(Items from a data source)
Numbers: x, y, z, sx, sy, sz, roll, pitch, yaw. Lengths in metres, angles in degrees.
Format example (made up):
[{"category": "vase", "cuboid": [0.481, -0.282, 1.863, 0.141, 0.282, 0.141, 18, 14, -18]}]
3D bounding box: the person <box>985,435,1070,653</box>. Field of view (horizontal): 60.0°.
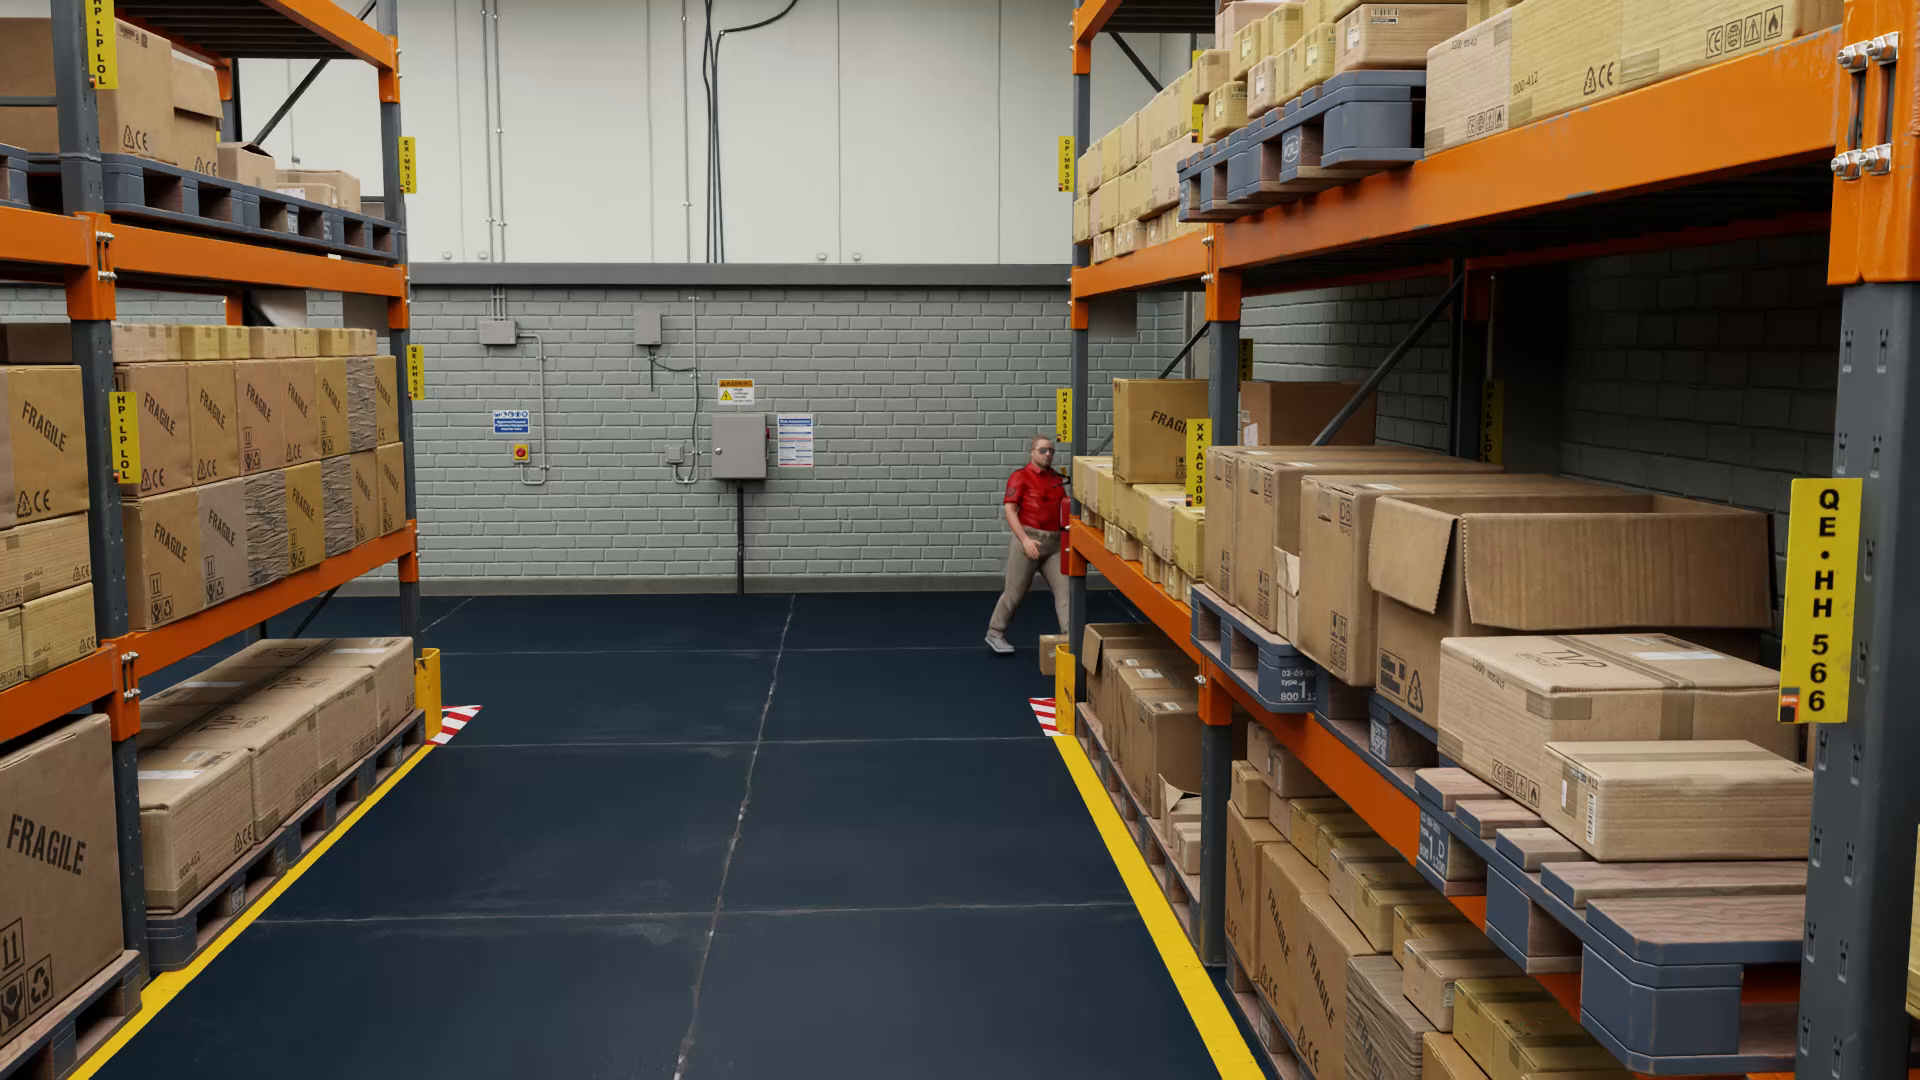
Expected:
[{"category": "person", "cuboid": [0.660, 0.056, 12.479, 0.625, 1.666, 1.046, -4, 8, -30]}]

==

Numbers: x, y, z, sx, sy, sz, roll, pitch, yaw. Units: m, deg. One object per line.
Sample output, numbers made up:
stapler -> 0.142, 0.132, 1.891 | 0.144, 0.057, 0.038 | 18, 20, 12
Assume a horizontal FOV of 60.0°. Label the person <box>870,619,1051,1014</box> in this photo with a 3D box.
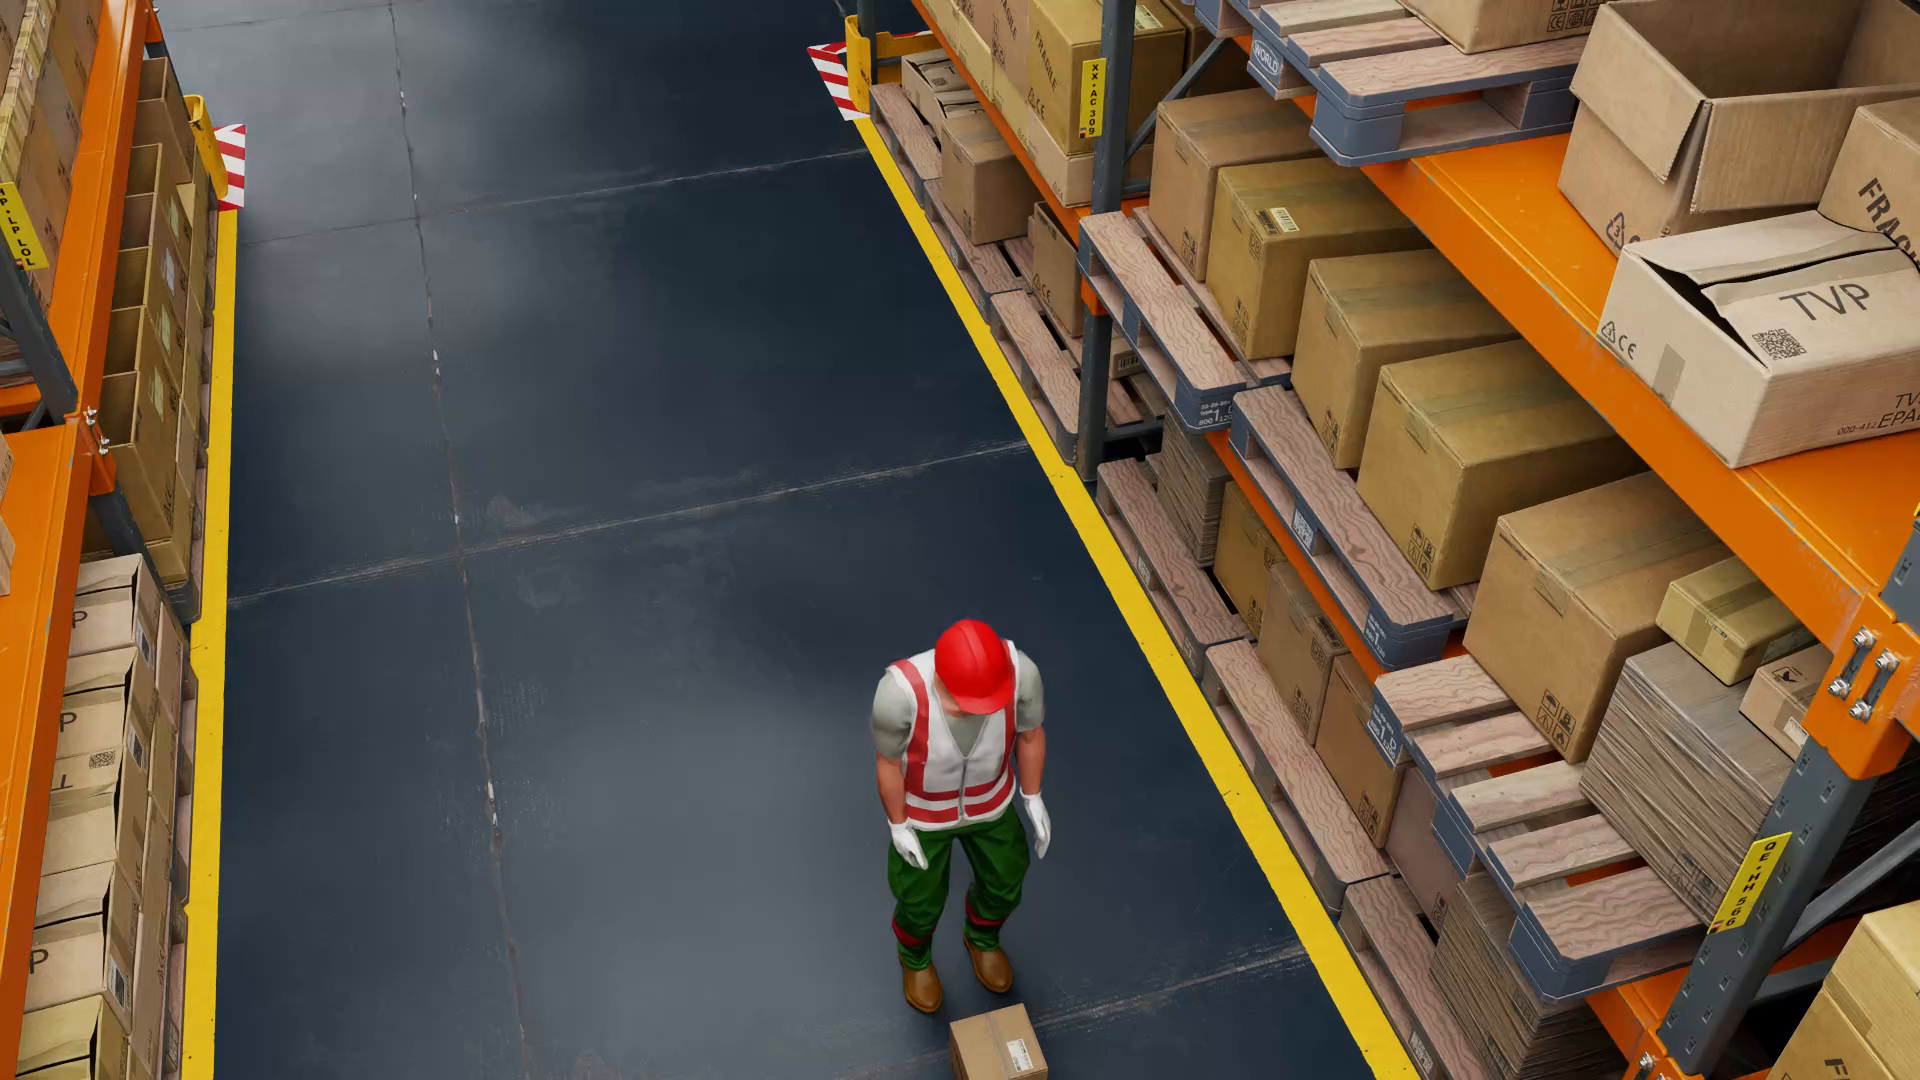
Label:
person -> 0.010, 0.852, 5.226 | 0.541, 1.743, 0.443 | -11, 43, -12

- EXERCISE GOAL -
The expected result is a copy of each line in the records where "pitch" appears.

- TASK RESPONSE -
Numbers: x, y, z, sx, sy, sz, roll, pitch, yaw. Lengths in metres, angles in degrees.
Numbers: x, y, z, sx, sy, sz, roll, pitch, yaw. Units: m, deg. One object per line.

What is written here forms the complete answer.